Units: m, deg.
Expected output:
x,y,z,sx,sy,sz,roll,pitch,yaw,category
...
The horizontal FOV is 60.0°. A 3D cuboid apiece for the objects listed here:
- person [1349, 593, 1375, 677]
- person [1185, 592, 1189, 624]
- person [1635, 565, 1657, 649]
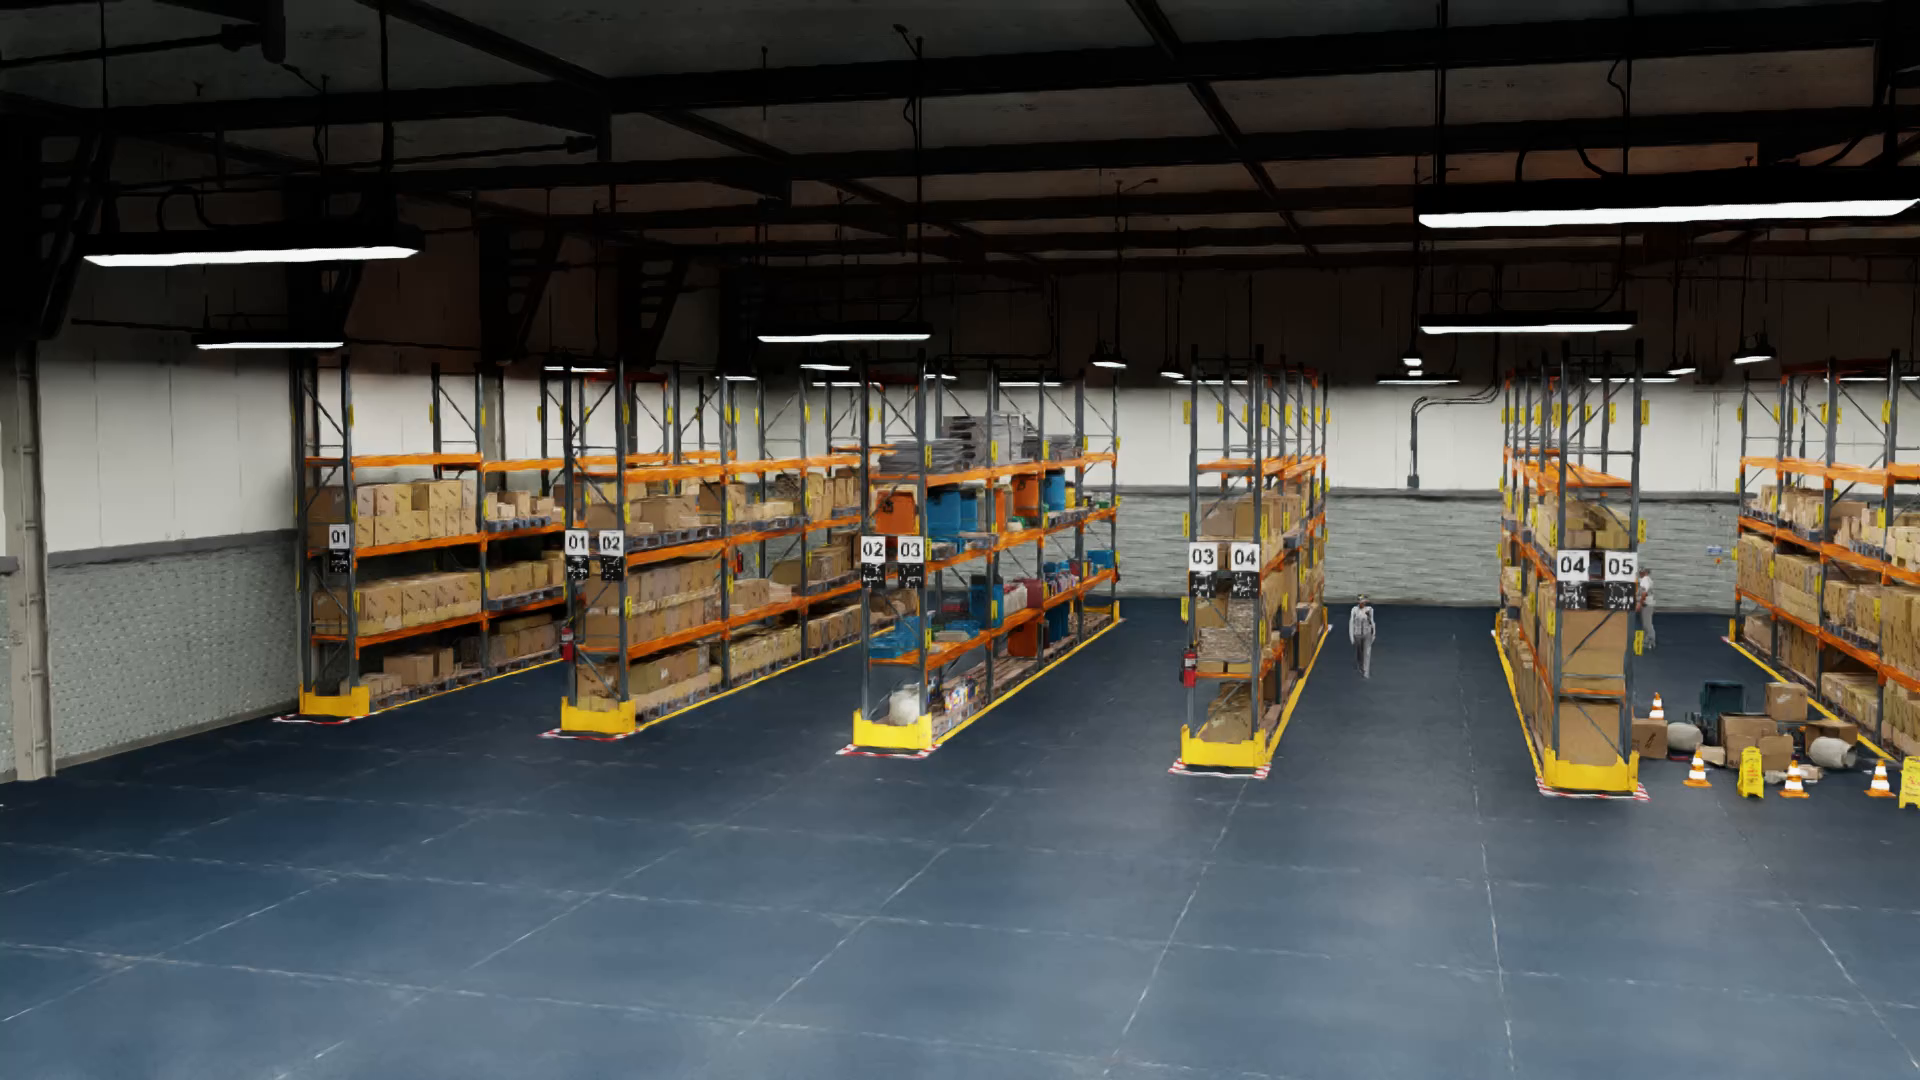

▸ **Exercise brief**: Taking each record in turn, retype it exactly and drop any picture.

▸ **Solution to this exercise**:
Units: m, deg.
Expected output:
x,y,z,sx,sy,sz,roll,pitch,yaw,category
...
The horizontal FOV is 60.0°. A 3D cuboid apiece for the objects listed here:
- person [1349, 593, 1375, 677]
- person [1185, 592, 1189, 624]
- person [1635, 565, 1657, 649]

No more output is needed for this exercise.